> [What is being asked]
Once the pictures have been excluded, set down each remaining entry word for word.

> [Records for the exercise]

- - - -

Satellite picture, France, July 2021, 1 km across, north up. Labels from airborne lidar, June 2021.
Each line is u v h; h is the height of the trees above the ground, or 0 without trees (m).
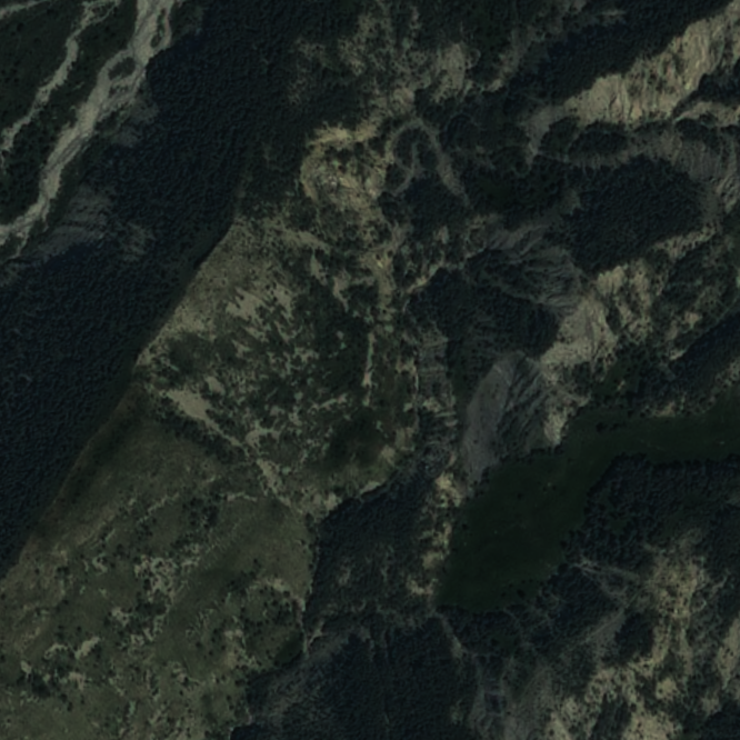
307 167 0
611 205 17
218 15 16
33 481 11
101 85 0
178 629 0
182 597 0
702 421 0
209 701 0
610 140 14
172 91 15
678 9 13
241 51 11
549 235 7
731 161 0
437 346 0
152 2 0
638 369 10
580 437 0
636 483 20
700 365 16
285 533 0
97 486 0
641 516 13
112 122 7
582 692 6
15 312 12
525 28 8
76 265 13
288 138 11
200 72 16
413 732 14
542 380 0
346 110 10
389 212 10
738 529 12
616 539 18
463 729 7
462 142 13
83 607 0
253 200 7
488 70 11
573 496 0
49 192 0
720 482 13
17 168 11
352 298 7
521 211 12
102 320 12
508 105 14
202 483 0
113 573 0
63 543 0
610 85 0
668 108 0
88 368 13
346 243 8
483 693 0
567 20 12
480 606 0
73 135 0
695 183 10
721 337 13
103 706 0
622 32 12
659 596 0
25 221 0
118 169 8
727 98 13
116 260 7
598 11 12
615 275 0
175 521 0
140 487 0
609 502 0
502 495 0
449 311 13
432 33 9
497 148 10
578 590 18
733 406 0
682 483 21
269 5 10
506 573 0
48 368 12
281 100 8
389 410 0
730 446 0
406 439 0
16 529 8
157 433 0
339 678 7
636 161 9
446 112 12
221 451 10
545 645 11
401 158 8
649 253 9
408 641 15
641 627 11
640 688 6
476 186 17
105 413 0
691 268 7
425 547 11
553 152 8
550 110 0
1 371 15
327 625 9
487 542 0
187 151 19
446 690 9
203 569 0
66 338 14
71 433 8
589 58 13
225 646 6
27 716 0
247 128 11
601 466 0
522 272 12
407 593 7
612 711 9
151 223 10
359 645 14
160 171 17
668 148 0
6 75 7
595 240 14
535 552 0
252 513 0
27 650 0
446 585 0
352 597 11
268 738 7
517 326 15
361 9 6
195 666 0
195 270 0
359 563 7
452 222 8
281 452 0
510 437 12
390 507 17
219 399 7
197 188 13
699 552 6
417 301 10
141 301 12
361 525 14
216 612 0
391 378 0
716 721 17
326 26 9
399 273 11
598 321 0
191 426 10
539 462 0
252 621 6
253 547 0
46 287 11
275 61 8
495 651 7
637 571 7
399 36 8
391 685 10
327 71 8
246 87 13
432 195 14
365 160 5
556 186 12
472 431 0
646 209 18
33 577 0
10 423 12
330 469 0
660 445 0
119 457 0
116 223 8
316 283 7
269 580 0
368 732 11
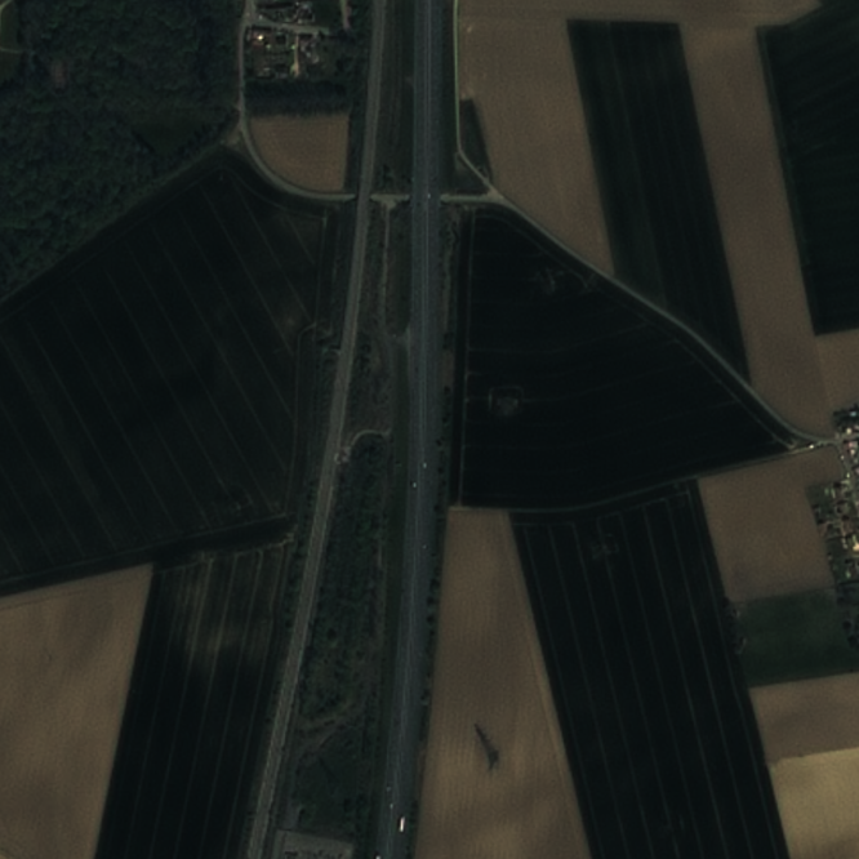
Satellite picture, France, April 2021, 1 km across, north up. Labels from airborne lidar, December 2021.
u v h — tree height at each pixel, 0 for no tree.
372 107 0
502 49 0
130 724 0
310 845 0
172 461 0
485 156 0
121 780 0
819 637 0
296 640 0
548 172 0
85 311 0
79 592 0
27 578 0
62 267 0
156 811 0
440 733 0
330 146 0
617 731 0
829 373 0
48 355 0
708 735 0
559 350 0
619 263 0
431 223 0
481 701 0
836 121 0
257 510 0
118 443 0
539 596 0
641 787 0
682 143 0
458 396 0
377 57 0
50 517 0
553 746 0
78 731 0
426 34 0
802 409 0
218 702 0
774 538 0
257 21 0
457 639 0
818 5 0
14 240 22
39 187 24
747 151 0
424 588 0
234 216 0
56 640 0
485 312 0
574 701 0
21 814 0
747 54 0
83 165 22
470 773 0
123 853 0
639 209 0
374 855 0
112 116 26
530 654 0
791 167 0
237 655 0
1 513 0
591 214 0
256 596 0
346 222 6
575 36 0
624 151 0
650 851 0
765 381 0
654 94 0
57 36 22
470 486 0
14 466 0
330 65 0
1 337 0
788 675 0
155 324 0
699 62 0
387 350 0
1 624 0
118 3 26
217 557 0
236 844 0
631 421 0
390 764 0
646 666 0
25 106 25
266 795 0
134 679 0
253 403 0
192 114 21
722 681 0
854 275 0
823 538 0
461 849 0
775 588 0
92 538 0
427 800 0
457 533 0
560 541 0
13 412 0
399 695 0
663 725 0
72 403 0
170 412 0
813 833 0
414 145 0
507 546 0
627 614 0
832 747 0
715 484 0
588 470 0
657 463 0
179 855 0
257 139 0
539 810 0
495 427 0
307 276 0
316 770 6
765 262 0
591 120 0
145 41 27
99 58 22
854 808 0
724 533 0
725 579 0
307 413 0
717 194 0
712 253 0
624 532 0
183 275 0
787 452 0
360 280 0
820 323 0
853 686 0
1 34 0
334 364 8
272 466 0
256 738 0
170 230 0
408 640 0
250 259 0
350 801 10
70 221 26
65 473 0
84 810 0
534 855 0
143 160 24
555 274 0
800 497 0
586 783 0
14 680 0
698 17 0
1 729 0
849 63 0
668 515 0
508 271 0
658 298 0
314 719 14
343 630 13
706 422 0
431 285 0
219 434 0
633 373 0
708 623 0
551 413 0
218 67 23
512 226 0
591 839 0
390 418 0
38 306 0
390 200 0
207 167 0
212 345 0
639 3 0
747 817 0
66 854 0
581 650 0
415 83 0
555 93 0
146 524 0
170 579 0
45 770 0
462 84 0
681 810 0
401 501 0
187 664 0
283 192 0
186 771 0
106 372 0
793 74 0
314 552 0
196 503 0
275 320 0
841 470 0
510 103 0
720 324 0
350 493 13
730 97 0
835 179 0
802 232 0
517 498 0
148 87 30
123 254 0
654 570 0
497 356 0
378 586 22
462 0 0
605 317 0
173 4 27
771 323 0
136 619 0
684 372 0
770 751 0
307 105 25

- - - -

> [Solution to the exercise]
Satellite picture, France, July 2021, 1 km across, north up. Labels from airborne lidar, June 2021.
Each line is u v h; h is the height of the trees above the ground, or 0 without trees (m).
307 167 0
611 205 17
218 15 16
33 481 11
101 85 0
178 629 0
182 597 0
702 421 0
209 701 0
610 140 14
172 91 15
678 9 13
241 51 11
549 235 7
731 161 0
437 346 0
152 2 0
638 369 10
580 437 0
636 483 20
700 365 16
285 533 0
97 486 0
641 516 13
112 122 7
582 692 6
15 312 12
525 28 8
76 265 13
288 138 11
200 72 16
413 732 14
542 380 0
346 110 10
389 212 10
738 529 12
616 539 18
463 729 7
462 142 13
83 607 0
253 200 7
488 70 11
573 496 0
49 192 0
720 482 13
17 168 11
352 298 7
521 211 12
102 320 12
508 105 14
202 483 0
113 573 0
63 543 0
610 85 0
668 108 0
88 368 13
346 243 8
483 693 0
567 20 12
480 606 0
73 135 0
695 183 10
721 337 13
103 706 0
622 32 12
659 596 0
25 221 0
118 169 8
727 98 13
116 260 7
598 11 12
615 275 0
175 521 0
140 487 0
609 502 0
502 495 0
449 311 13
432 33 9
497 148 10
578 590 18
733 406 0
682 483 21
269 5 10
506 573 0
48 368 12
281 100 8
389 410 0
730 446 0
406 439 0
16 529 8
157 433 0
339 678 7
636 161 9
446 112 12
221 451 10
545 645 11
401 158 8
649 253 9
408 641 15
641 627 11
640 688 6
476 186 17
105 413 0
691 268 7
425 547 11
553 152 8
550 110 0
1 371 15
327 625 9
487 542 0
187 151 19
446 690 9
203 569 0
66 338 14
71 433 8
589 58 13
225 646 6
27 716 0
247 128 11
601 466 0
522 272 12
407 593 7
612 711 9
151 223 10
359 645 14
160 171 17
668 148 0
6 75 7
595 240 14
535 552 0
252 513 0
27 650 0
446 585 0
352 597 11
268 738 7
517 326 15
361 9 6
195 666 0
195 270 0
359 563 7
452 222 8
281 452 0
510 437 12
390 507 17
219 399 7
197 188 13
699 552 6
417 301 10
141 301 12
361 525 14
216 612 0
391 378 0
716 721 17
326 26 9
399 273 11
598 321 0
191 426 10
539 462 0
252 621 6
253 547 0
46 287 11
275 61 8
495 651 7
637 571 7
399 36 8
391 685 10
327 71 8
246 87 13
432 195 14
365 160 5
556 186 12
472 431 0
646 209 18
33 577 0
10 423 12
330 469 0
660 445 0
119 457 0
116 223 8
316 283 7
269 580 0
368 732 11
Satellite picture, France, April 2021, 1 km across, north up. Labels from airborne lidar, December 2021.
u v h — tree height at each pixel, 0 for no tree.
372 107 0
502 49 0
130 724 0
310 845 0
172 461 0
485 156 0
121 780 0
819 637 0
296 640 0
548 172 0
85 311 0
79 592 0
27 578 0
62 267 0
156 811 0
440 733 0
330 146 0
617 731 0
829 373 0
48 355 0
708 735 0
559 350 0
619 263 0
431 223 0
481 701 0
836 121 0
257 510 0
118 443 0
539 596 0
641 787 0
682 143 0
458 396 0
377 57 0
50 517 0
553 746 0
78 731 0
426 34 0
802 409 0
218 702 0
774 538 0
257 21 0
457 639 0
818 5 0
14 240 22
39 187 24
747 151 0
424 588 0
234 216 0
56 640 0
485 312 0
574 701 0
21 814 0
747 54 0
83 165 22
470 773 0
123 853 0
639 209 0
374 855 0
112 116 26
530 654 0
791 167 0
237 655 0
1 513 0
591 214 0
256 596 0
346 222 6
575 36 0
624 151 0
650 851 0
765 381 0
654 94 0
57 36 22
470 486 0
14 466 0
330 65 0
1 337 0
788 675 0
155 324 0
699 62 0
387 350 0
1 624 0
118 3 26
217 557 0
236 844 0
631 421 0
390 764 0
646 666 0
25 106 25
266 795 0
134 679 0
253 403 0
192 114 21
722 681 0
854 275 0
823 538 0
461 849 0
775 588 0
92 538 0
427 800 0
457 533 0
560 541 0
13 412 0
399 695 0
663 725 0
72 403 0
170 412 0
813 833 0
414 145 0
507 546 0
627 614 0
832 747 0
715 484 0
588 470 0
657 463 0
179 855 0
257 139 0
539 810 0
495 427 0
307 276 0
316 770 6
765 262 0
591 120 0
145 41 27
99 58 22
854 808 0
724 533 0
725 579 0
307 413 0
717 194 0
712 253 0
624 532 0
183 275 0
787 452 0
360 280 0
820 323 0
853 686 0
1 34 0
334 364 8
272 466 0
256 738 0
170 230 0
408 640 0
250 259 0
350 801 10
70 221 26
65 473 0
84 810 0
534 855 0
143 160 24
555 274 0
800 497 0
586 783 0
14 680 0
698 17 0
1 729 0
849 63 0
668 515 0
508 271 0
658 298 0
314 719 14
343 630 13
706 422 0
431 285 0
219 434 0
633 373 0
708 623 0
551 413 0
218 67 23
512 226 0
591 839 0
390 418 0
38 306 0
390 200 0
207 167 0
212 345 0
639 3 0
747 817 0
66 854 0
581 650 0
415 83 0
555 93 0
146 524 0
170 579 0
45 770 0
462 84 0
681 810 0
401 501 0
187 664 0
283 192 0
186 771 0
106 372 0
793 74 0
314 552 0
196 503 0
275 320 0
841 470 0
510 103 0
720 324 0
350 493 13
730 97 0
835 179 0
802 232 0
517 498 0
148 87 30
123 254 0
654 570 0
497 356 0
378 586 22
462 0 0
605 317 0
173 4 27
771 323 0
136 619 0
684 372 0
770 751 0
307 105 25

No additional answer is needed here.